Records from a data source
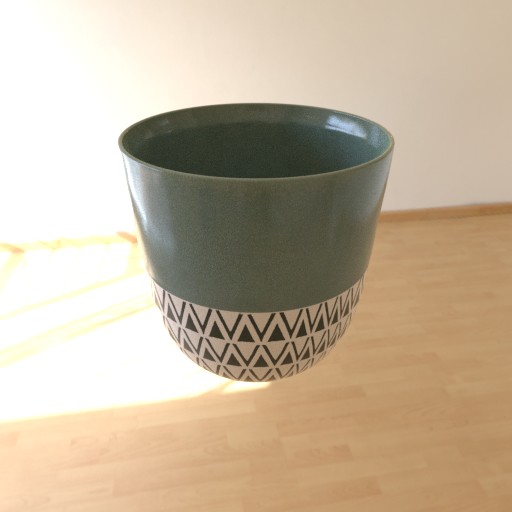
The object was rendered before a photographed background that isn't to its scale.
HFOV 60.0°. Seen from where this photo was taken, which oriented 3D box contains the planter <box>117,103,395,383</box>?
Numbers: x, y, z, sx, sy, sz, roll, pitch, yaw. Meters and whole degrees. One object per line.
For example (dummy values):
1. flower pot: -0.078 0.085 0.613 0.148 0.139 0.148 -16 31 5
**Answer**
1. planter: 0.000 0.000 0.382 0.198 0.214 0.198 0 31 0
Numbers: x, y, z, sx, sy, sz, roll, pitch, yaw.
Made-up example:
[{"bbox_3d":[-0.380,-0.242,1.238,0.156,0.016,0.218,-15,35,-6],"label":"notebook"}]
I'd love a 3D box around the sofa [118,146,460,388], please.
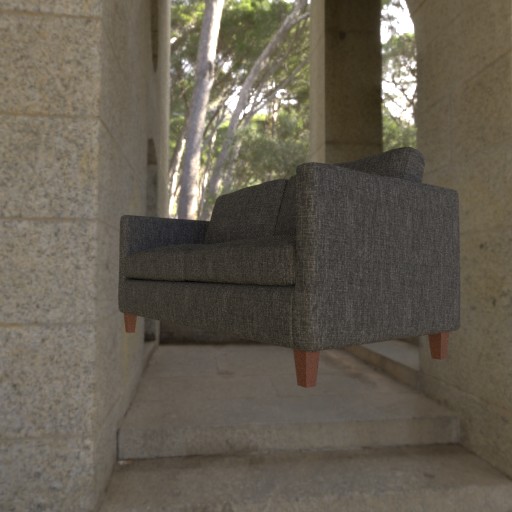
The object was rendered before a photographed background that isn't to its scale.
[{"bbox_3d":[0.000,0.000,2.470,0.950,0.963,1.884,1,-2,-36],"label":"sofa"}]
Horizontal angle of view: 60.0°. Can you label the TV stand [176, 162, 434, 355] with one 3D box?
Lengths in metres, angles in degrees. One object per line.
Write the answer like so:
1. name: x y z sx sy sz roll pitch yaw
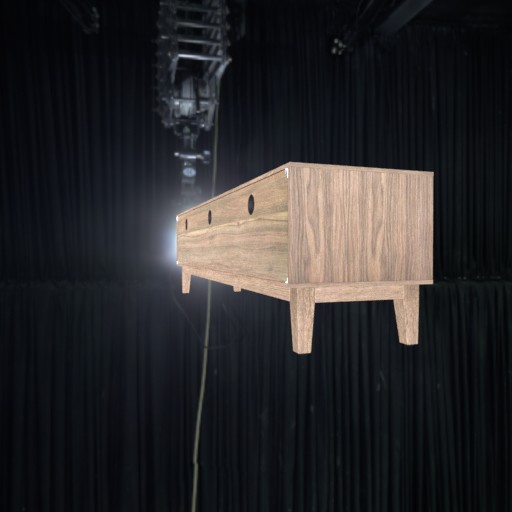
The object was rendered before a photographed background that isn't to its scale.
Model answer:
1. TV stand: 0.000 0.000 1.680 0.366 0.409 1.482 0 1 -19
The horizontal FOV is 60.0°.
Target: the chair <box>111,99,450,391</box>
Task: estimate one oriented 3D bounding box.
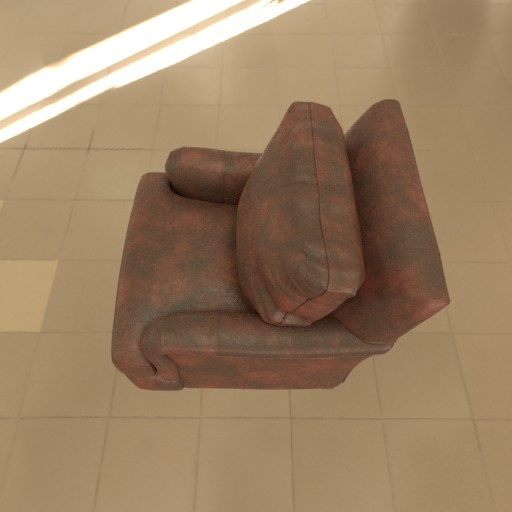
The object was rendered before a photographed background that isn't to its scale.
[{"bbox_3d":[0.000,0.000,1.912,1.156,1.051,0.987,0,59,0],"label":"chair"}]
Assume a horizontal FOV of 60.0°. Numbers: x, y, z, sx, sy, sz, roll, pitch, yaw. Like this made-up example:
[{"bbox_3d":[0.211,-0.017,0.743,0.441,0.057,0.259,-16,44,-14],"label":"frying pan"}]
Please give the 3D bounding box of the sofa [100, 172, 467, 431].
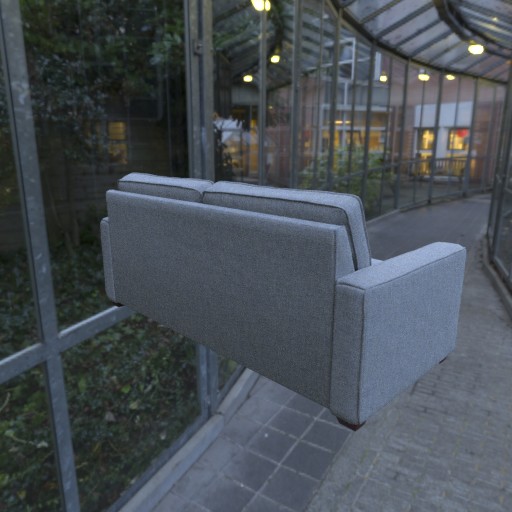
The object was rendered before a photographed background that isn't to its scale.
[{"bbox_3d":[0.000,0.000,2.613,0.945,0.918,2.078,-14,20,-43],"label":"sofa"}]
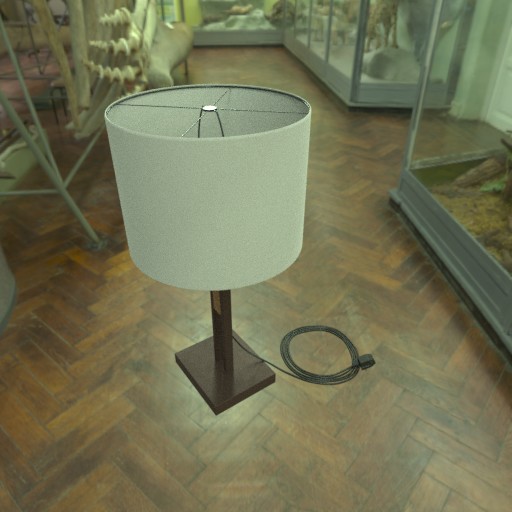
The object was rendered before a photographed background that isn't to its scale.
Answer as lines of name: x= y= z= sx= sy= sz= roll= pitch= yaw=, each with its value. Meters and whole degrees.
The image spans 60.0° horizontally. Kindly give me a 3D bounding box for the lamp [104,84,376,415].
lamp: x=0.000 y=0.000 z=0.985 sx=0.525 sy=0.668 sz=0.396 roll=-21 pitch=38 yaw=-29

* * *

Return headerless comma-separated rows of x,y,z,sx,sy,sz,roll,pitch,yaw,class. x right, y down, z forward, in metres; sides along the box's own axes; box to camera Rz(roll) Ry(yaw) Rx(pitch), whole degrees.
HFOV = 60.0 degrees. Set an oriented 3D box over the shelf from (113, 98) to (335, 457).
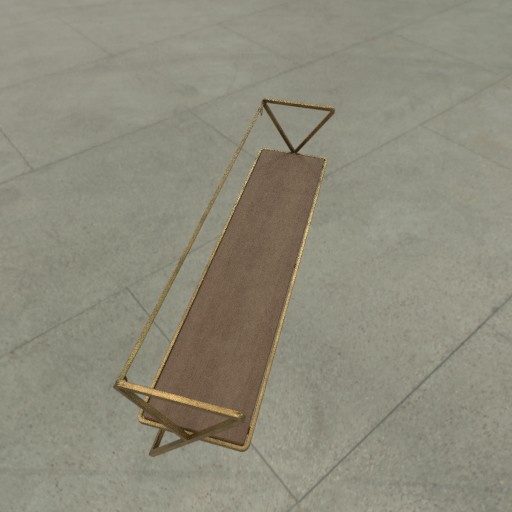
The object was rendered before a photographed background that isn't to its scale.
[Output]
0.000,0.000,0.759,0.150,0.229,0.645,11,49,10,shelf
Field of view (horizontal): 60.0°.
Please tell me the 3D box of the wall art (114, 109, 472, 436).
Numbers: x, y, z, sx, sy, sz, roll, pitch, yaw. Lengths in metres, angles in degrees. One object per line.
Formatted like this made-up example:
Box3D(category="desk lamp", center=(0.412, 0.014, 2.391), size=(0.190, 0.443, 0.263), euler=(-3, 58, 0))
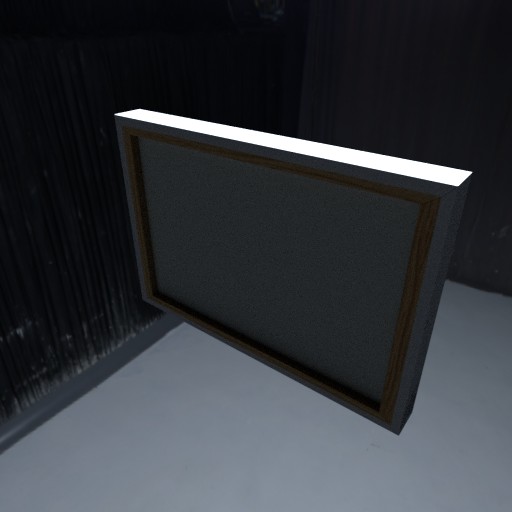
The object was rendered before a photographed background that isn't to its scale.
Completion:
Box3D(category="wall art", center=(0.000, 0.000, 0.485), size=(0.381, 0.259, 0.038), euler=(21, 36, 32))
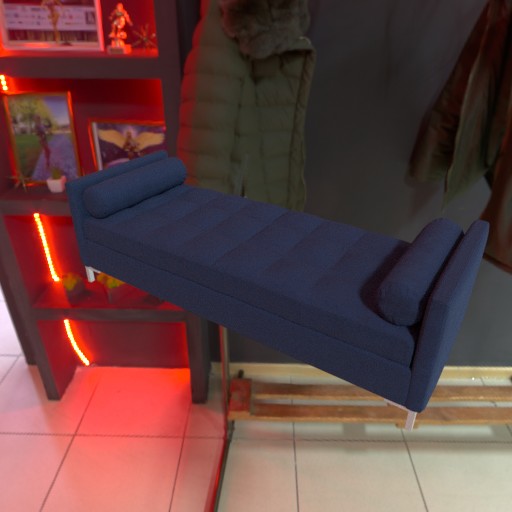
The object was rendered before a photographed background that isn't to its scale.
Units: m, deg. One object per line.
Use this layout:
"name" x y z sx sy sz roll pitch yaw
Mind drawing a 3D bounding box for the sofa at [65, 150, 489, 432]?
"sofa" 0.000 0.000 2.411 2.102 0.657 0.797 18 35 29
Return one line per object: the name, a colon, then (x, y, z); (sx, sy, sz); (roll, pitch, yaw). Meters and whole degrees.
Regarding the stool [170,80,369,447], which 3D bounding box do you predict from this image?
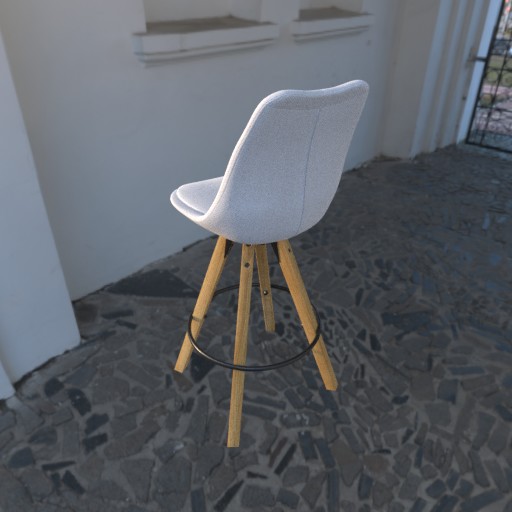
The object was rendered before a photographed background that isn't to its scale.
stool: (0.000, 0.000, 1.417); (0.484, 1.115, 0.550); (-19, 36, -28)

==

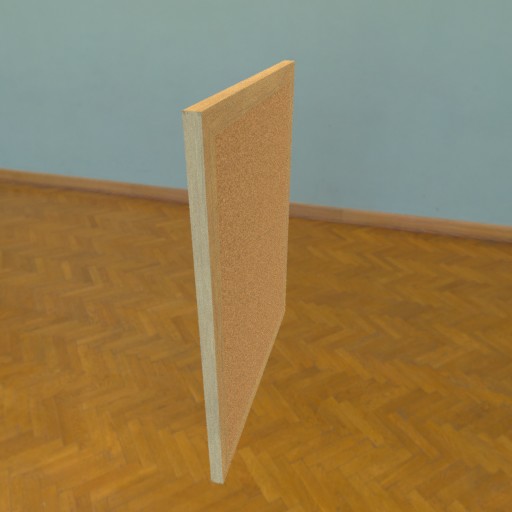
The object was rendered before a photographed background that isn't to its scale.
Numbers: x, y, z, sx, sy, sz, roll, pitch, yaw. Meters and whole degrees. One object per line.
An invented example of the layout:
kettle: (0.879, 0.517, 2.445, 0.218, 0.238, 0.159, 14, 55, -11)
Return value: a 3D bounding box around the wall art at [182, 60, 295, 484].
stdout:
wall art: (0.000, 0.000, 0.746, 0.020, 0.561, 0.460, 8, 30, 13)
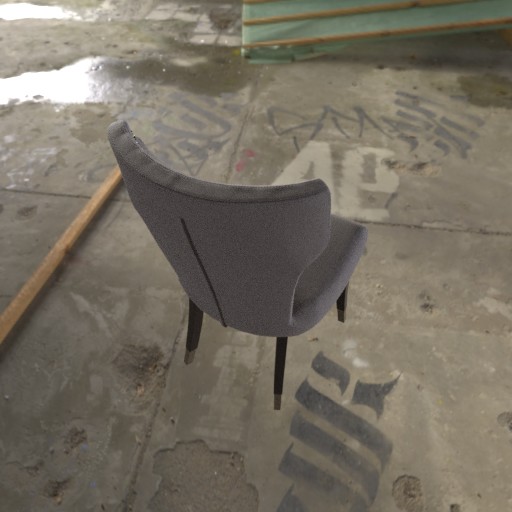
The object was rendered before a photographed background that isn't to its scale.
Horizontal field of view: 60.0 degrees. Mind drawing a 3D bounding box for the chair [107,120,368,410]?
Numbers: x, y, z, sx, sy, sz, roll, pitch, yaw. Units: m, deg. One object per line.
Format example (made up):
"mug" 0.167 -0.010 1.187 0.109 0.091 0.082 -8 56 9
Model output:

▸ EXERCISE GOAL
Give again the stretch of the entries above that begins at the line with "HFOV = 60.0" and ends at the line with "Please tell me", word for word, with no pictures.

▸ ANSWER
HFOV = 60.0 degrees. Set an oriented 3D box over the shelf from (113, 98) to (335, 457).
The object was rendered before a photographed background that isn't to its scale.
[Output]
0.000,0.000,0.759,0.150,0.229,0.645,11,49,10,shelf
Field of view (horizontal): 60.0°.
Please tell me the 3D box of the wall art (114, 109, 472, 436).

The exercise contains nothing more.